■ Work to complete ■
Return each line of the entries that mentions the word "instrument".

■ Records provided ■
------------------------------

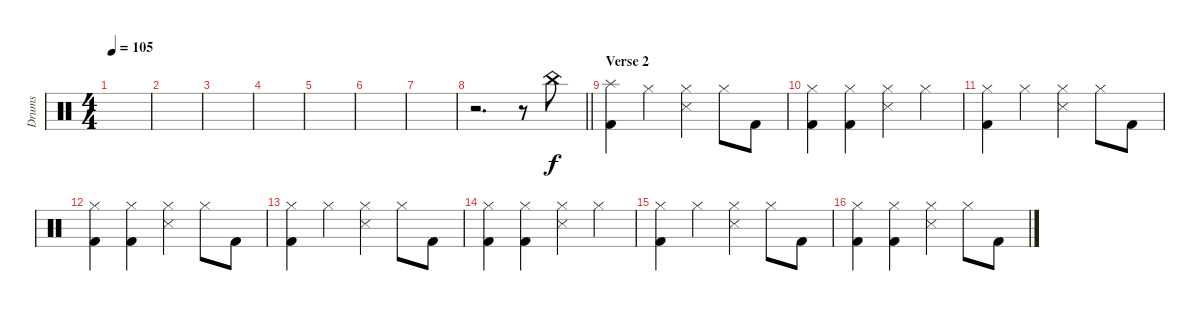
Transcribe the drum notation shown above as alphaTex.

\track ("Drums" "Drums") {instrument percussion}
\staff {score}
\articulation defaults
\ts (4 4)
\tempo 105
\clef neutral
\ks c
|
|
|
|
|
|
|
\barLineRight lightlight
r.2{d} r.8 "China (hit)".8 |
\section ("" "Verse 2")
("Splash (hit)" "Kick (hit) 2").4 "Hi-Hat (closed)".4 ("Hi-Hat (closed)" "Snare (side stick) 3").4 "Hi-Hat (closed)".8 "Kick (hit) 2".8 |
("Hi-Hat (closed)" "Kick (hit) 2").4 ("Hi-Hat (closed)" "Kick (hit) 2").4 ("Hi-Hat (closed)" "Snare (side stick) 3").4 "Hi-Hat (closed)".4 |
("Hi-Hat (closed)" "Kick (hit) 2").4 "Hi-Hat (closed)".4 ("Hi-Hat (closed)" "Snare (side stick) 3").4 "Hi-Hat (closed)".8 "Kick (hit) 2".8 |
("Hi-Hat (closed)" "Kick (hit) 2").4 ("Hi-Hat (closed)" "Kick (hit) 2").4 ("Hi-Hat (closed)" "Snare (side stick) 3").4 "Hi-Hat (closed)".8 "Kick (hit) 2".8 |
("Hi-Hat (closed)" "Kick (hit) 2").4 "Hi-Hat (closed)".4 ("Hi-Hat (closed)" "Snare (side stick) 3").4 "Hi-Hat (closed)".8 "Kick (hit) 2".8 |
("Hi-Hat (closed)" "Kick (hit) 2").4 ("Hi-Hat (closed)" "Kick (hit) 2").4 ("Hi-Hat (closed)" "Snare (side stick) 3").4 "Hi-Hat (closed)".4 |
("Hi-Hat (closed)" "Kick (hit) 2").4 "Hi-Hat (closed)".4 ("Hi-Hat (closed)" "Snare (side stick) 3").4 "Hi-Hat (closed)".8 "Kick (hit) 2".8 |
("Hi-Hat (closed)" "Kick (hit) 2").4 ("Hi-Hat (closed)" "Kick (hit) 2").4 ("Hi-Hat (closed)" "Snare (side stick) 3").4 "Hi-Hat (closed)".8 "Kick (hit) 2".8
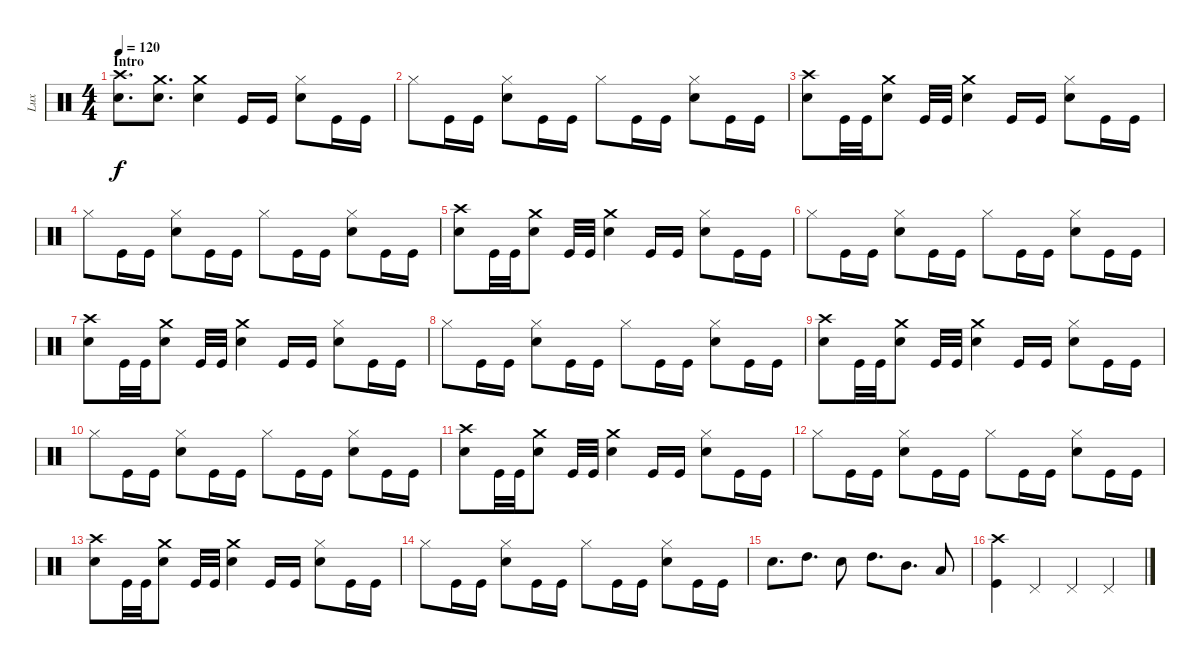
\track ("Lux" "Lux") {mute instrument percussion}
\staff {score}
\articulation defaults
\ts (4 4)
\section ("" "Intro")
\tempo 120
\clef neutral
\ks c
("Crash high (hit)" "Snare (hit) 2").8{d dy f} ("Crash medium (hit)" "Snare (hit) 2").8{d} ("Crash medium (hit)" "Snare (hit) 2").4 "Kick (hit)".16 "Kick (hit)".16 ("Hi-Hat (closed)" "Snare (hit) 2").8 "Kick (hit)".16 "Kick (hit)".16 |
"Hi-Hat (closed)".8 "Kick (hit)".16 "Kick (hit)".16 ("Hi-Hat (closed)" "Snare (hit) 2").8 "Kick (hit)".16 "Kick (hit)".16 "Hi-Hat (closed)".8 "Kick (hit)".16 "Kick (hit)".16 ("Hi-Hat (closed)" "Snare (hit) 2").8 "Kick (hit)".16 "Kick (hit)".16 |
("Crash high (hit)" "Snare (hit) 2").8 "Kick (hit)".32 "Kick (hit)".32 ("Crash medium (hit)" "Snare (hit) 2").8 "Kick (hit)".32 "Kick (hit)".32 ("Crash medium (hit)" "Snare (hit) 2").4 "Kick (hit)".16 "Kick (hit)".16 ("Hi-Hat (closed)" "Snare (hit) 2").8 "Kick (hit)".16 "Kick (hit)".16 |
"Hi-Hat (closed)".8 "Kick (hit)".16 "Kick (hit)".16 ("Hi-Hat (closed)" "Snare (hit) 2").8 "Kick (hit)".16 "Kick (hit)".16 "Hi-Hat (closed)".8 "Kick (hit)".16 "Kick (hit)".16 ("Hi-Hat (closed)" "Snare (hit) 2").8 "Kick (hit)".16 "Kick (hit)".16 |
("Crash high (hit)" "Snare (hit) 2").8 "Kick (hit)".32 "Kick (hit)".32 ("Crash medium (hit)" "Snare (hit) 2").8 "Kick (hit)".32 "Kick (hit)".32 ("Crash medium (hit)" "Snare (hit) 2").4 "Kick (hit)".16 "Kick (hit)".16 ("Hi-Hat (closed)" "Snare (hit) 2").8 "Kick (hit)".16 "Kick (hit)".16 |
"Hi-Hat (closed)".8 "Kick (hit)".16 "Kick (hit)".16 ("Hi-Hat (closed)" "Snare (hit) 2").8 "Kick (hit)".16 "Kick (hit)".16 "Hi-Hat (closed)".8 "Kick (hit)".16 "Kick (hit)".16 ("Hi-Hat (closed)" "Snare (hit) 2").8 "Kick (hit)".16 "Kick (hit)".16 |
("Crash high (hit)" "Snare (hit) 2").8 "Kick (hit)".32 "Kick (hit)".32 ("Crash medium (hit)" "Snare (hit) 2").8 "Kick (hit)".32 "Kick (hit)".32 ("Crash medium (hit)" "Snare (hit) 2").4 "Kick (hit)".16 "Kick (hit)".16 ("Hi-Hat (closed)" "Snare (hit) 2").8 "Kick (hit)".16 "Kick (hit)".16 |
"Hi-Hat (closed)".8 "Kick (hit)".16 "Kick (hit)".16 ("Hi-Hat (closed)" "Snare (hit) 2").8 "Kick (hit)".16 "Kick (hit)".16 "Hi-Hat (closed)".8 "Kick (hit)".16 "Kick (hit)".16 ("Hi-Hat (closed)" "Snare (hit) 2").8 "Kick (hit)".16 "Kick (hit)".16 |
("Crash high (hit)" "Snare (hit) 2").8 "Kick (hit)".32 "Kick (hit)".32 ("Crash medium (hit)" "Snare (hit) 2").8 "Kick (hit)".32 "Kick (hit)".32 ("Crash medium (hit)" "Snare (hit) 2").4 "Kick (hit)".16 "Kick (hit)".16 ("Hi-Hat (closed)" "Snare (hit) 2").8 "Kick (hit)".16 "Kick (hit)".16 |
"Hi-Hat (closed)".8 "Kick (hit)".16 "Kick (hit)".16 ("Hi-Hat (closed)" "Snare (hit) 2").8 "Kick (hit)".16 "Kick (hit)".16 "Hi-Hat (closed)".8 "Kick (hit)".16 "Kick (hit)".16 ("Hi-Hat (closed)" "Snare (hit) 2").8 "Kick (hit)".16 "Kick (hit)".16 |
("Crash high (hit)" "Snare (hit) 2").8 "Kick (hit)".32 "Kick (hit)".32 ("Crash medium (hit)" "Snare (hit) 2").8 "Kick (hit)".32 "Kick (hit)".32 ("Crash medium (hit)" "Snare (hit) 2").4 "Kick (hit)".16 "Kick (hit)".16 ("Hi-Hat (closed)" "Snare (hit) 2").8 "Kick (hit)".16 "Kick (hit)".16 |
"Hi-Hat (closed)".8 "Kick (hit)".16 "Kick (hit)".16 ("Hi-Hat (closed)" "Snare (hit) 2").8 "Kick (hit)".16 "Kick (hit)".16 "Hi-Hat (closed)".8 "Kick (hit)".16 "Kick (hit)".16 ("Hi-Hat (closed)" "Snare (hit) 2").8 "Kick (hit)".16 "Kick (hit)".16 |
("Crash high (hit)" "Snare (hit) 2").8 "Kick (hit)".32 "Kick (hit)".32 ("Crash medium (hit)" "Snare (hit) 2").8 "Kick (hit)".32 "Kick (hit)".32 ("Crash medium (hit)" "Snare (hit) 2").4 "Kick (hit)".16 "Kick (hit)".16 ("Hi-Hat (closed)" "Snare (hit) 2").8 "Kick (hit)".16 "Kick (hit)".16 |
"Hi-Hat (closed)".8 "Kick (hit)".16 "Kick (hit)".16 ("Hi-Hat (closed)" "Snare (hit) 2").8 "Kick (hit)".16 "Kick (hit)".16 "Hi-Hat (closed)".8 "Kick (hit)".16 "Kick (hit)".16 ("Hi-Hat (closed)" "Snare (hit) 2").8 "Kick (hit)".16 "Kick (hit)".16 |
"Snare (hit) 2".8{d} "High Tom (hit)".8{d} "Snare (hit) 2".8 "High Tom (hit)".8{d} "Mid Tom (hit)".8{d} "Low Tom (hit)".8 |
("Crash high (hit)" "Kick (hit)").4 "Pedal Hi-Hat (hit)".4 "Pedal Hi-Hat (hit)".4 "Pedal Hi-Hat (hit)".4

------------------------------

■ Answer area ■
\track ("Drums" "Drums") {instrument percussion}
\track ("Lux" "Lux") {mute instrument percussion}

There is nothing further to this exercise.